MCFOST-like SED chi2¶
25 March 2013 Revision 0b4a7f27
There is not a unique fool-proof way to compute chi-squared. The switch:
.true. ! chi_logbinwill group photometric points into bin in the log10 scale from 1 micron. For example, if there are 4 photometric points between 10 and 100 microns, each of those photometric band will be given a weight of 0.25. The stellar photometric data are not binned (lambda<1 micron). At the end, the chi-squared is normalized by the number of log10 bins. It is up to the user to test what is the best chi-squared computation for his/her problem. If the photometric points are well spaced in log10(wavelength) then the standard and the log10 binned chi-squared values should be similar. If there is a clustering of points in a given bin, this bin may have too much weight in the standard chi-squared computation.

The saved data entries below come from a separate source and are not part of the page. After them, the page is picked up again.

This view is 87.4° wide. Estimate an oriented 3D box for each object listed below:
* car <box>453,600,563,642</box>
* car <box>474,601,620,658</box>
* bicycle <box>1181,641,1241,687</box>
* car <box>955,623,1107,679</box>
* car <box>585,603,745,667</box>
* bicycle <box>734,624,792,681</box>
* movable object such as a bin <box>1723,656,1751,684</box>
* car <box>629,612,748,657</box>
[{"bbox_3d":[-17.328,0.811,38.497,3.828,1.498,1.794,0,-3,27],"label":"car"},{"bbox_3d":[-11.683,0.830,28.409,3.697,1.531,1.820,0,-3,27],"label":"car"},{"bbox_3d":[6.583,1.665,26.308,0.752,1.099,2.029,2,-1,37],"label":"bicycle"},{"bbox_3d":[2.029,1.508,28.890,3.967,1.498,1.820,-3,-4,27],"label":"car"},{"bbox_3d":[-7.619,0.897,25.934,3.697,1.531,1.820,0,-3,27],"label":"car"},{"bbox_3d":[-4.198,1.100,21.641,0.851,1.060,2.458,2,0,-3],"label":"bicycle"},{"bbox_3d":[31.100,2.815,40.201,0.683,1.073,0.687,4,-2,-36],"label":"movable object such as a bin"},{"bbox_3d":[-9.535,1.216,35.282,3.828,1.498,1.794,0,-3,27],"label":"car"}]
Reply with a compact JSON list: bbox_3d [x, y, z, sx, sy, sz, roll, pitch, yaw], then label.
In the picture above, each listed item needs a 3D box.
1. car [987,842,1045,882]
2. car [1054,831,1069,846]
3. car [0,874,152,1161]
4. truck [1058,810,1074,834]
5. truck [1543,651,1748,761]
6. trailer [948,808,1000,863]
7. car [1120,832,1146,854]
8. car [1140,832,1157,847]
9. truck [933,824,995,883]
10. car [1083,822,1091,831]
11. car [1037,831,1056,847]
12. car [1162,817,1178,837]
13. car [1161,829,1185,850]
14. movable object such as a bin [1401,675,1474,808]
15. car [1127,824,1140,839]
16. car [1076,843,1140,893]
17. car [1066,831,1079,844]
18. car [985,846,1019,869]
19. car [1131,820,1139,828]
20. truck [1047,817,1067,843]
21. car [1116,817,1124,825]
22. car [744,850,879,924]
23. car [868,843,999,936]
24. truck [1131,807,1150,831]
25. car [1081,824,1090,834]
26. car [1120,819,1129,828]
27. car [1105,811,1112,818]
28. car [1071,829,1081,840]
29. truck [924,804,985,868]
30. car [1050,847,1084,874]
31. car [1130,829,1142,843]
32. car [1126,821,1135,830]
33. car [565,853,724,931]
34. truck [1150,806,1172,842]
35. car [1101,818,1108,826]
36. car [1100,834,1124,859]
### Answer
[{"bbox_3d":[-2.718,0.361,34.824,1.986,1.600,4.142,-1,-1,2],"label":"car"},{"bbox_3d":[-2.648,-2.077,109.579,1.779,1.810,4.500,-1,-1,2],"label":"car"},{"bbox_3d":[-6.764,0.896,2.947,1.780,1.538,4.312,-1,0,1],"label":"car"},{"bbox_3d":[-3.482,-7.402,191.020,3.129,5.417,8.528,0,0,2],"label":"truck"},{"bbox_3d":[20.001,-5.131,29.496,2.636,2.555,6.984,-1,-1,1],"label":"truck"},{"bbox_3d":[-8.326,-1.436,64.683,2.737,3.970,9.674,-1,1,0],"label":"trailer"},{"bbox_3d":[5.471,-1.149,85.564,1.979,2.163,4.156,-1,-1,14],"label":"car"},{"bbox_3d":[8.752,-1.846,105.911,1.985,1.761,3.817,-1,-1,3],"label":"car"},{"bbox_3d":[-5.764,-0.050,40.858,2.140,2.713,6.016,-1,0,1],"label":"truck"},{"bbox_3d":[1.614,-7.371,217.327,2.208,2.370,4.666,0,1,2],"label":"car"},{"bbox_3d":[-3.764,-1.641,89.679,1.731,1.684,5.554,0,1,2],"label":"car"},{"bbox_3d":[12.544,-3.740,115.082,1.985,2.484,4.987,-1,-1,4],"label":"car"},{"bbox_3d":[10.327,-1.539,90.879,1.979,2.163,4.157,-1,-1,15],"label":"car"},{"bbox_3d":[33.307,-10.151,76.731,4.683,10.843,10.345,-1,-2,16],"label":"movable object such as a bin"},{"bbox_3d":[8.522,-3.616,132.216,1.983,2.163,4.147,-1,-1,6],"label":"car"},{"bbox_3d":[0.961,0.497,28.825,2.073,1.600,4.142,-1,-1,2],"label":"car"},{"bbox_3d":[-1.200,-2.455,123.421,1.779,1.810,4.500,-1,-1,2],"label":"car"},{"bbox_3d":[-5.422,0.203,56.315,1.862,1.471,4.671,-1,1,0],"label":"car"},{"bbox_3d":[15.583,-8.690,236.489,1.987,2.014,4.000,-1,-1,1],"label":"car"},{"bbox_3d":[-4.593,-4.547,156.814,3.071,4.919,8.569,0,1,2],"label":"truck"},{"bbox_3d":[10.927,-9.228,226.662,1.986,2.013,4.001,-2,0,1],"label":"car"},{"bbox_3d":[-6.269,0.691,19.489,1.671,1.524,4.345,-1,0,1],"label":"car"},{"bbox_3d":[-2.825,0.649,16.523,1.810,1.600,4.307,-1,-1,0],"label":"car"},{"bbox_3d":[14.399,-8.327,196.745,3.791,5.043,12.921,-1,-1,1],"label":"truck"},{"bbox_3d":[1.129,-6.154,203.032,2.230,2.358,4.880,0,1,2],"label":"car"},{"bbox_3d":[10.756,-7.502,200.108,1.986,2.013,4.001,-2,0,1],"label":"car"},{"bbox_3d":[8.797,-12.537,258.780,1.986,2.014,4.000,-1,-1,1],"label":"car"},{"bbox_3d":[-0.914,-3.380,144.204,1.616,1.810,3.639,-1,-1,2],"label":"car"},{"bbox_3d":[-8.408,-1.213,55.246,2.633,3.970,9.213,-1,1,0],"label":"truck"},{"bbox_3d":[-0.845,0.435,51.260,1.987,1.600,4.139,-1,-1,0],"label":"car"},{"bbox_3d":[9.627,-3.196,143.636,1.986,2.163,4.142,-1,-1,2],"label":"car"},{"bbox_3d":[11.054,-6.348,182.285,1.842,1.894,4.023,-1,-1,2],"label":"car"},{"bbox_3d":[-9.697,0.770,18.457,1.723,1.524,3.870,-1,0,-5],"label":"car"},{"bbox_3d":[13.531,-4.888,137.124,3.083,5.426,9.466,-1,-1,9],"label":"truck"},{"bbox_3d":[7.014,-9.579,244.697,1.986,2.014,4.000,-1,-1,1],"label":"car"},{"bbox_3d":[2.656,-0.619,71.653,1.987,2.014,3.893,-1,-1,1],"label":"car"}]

Here is an example:
lam[mic] Fmodel[Jy] Fphot[Jy] err
0.1264 ok 1.717E-03 1.321E-03 0.615 generic
0.1477 ok 2.319E-03 3.200E-03 -2.147 generic
0.1679 ok 2.973E-03 2.326E-03 1.591 generic
0.1894 ok 3.750E-03 2.658E-03 2.294 generic
0.2196 ok 5.008E-03 5.736E-03 -0.904 generic
0.2530 ok 6.631E-03 8.051E-03 -1.294 generic
0.2863 ok 8.486E-03 1.054E-02 -1.447 generic
0.3600 ok 1.446E-02 3.150E-02 -5.188 generic
0.4400 ok 5.334E-02 6.760E-02 -1.580 generic
0.5500 ok 1.621E-01 1.400E-01 0.979 generic
0.7100 ok 3.511E-01 2.600E-01 2.002 generic
0.9700 ok 6.376E-01 4.100E-01 2.944 generic
1.2350 ok 7.808E-01 7.000E-01 0.728 generic
1.6620 ok 9.571E-01 8.500E-01 0.791 generic
2.1590 ok 7.287E-01 7.200E-01 0.080 generic
10.8000 ok 6.067E-01 5.800E-01 0.300 generic
12.0000 ok 5.785E-01 7.000E-01 -1.271 generic
23.6800 ok 1.564E+00 2.270E+00 -2.484 generic
25.0000 ok 1.686E+00 2.440E+00 -2.464 generic
60.0000 ok 4.453E+00 3.920E+00 0.850 generic
70.0000 ok 4.857E+00 3.903E+00 1.458 generic
71.4300 ok 4.903E+00 3.640E+00 1.485 generic
100.0000 ok 5.640E+00 5.040E+00 0.750 generic
155.9000 ok 6.410E+00 6.570E+00 -0.123 generic
160.0000 ok 6.441E+00 7.388E+00 -0.914 generic
450.0000 ok 3.981E+00 4.250E+00 -0.327 generic
800.0000 ok 1.963E+00 1.450E+00 1.416 generic
850.0000 ok 1.770E+00 1.380E+00 1.659 generic
1100.0000 ok 1.021E+00 8.740E-01 1.040 generic
3400.0000 ok 9.696E-02 4.100E-02 5.738 generic
7000.0000 ok 1.119E-02 8.000E-03 2.239 genericThe standard method gives: SED-chi = 2.0150 whereas the log10 binned chi-squared gives 1.9620.